» The task
Every line from the one bearing "Format example (made" through the last line of the records below is to be output exactly, and no other line; leave out the pictures.

(Stored items)
============================================================

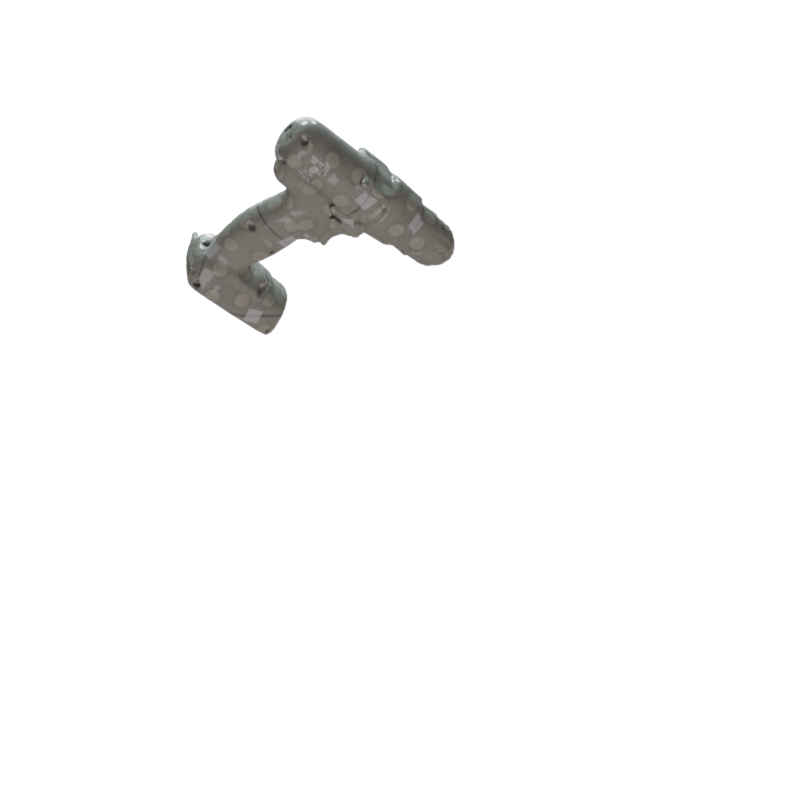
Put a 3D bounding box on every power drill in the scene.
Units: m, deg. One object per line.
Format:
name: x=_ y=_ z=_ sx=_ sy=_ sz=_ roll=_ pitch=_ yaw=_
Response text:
power drill: x=-0.073 y=-0.132 z=0.928 sx=0.186 sy=0.062 sz=0.174 roll=-36 pitch=-56 yaw=28
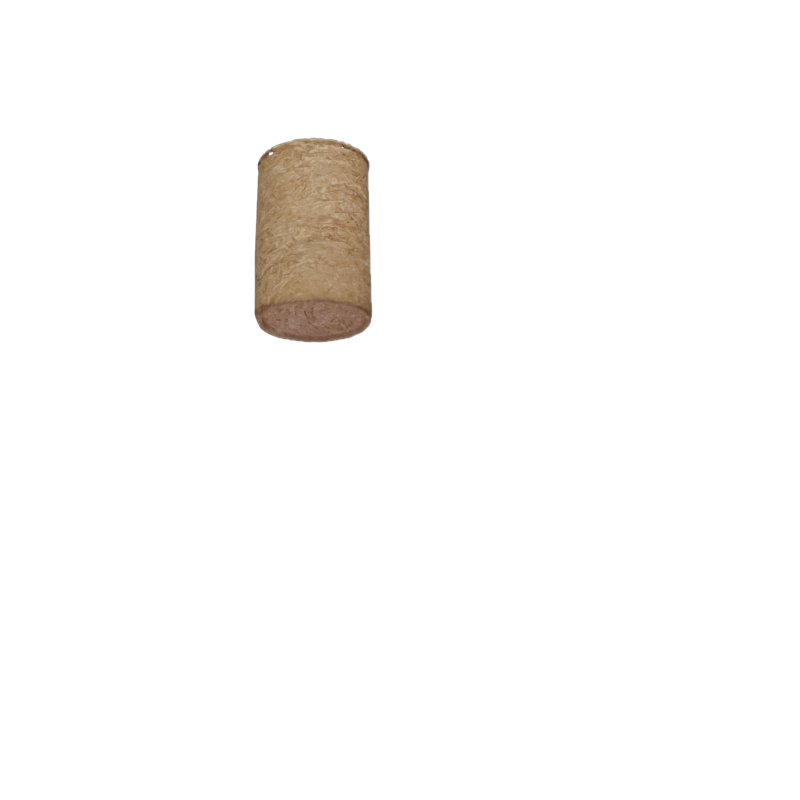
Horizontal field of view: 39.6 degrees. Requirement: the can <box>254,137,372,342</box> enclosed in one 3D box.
[{"bbox_3d":[-0.051,-0.093,0.648,0.068,0.108,0.065,0,-23,-2],"label":"can"}]
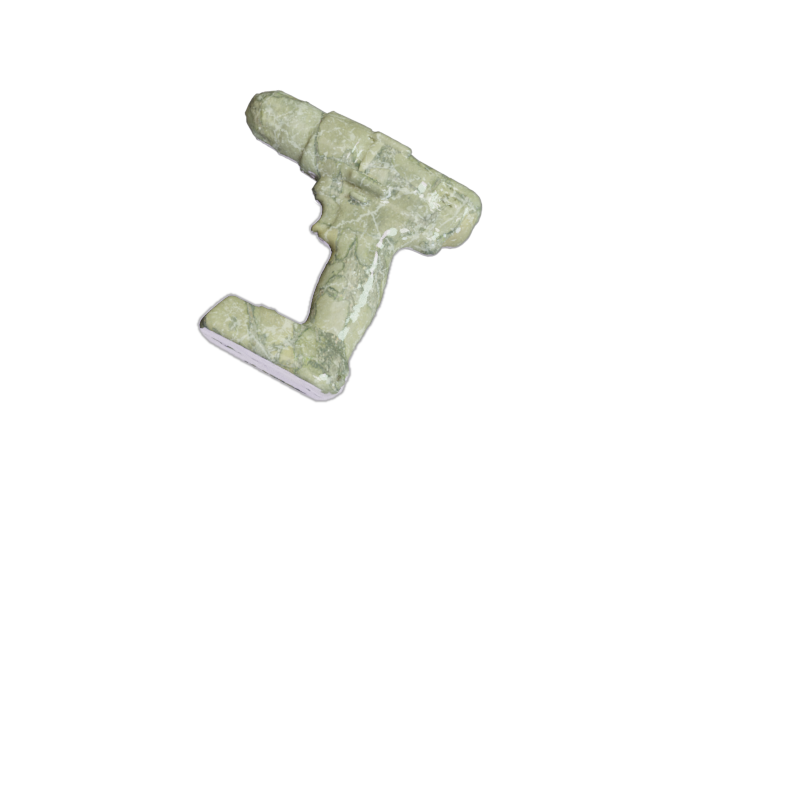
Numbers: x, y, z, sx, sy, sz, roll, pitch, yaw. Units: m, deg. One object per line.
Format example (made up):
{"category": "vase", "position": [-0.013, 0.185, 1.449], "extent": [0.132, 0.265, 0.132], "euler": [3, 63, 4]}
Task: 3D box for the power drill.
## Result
{"category": "power drill", "position": [-0.060, -0.110, 0.767], "extent": [0.188, 0.192, 0.055], "euler": [28, -16, 8]}
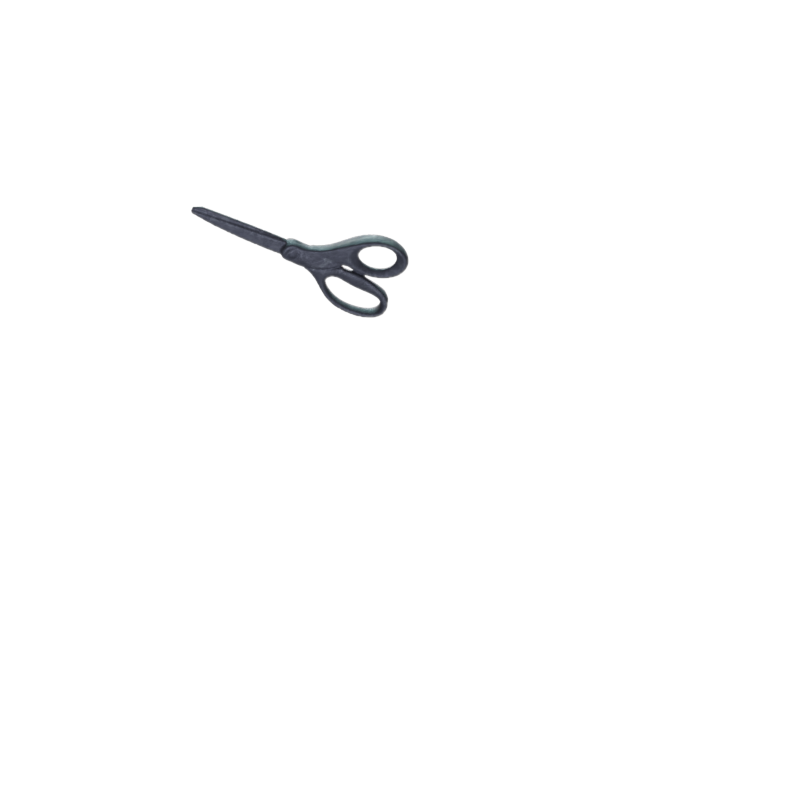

============================================================

» Result of the task
Format example (made up):
{"category": "vase", "position": [-0.013, 0.185, 1.449], "extent": [0.132, 0.265, 0.132], "euler": [3, 63, 4]}
Task: 3D box for the power drill.
## Result
{"category": "power drill", "position": [-0.060, -0.110, 0.767], "extent": [0.188, 0.192, 0.055], "euler": [28, -16, 8]}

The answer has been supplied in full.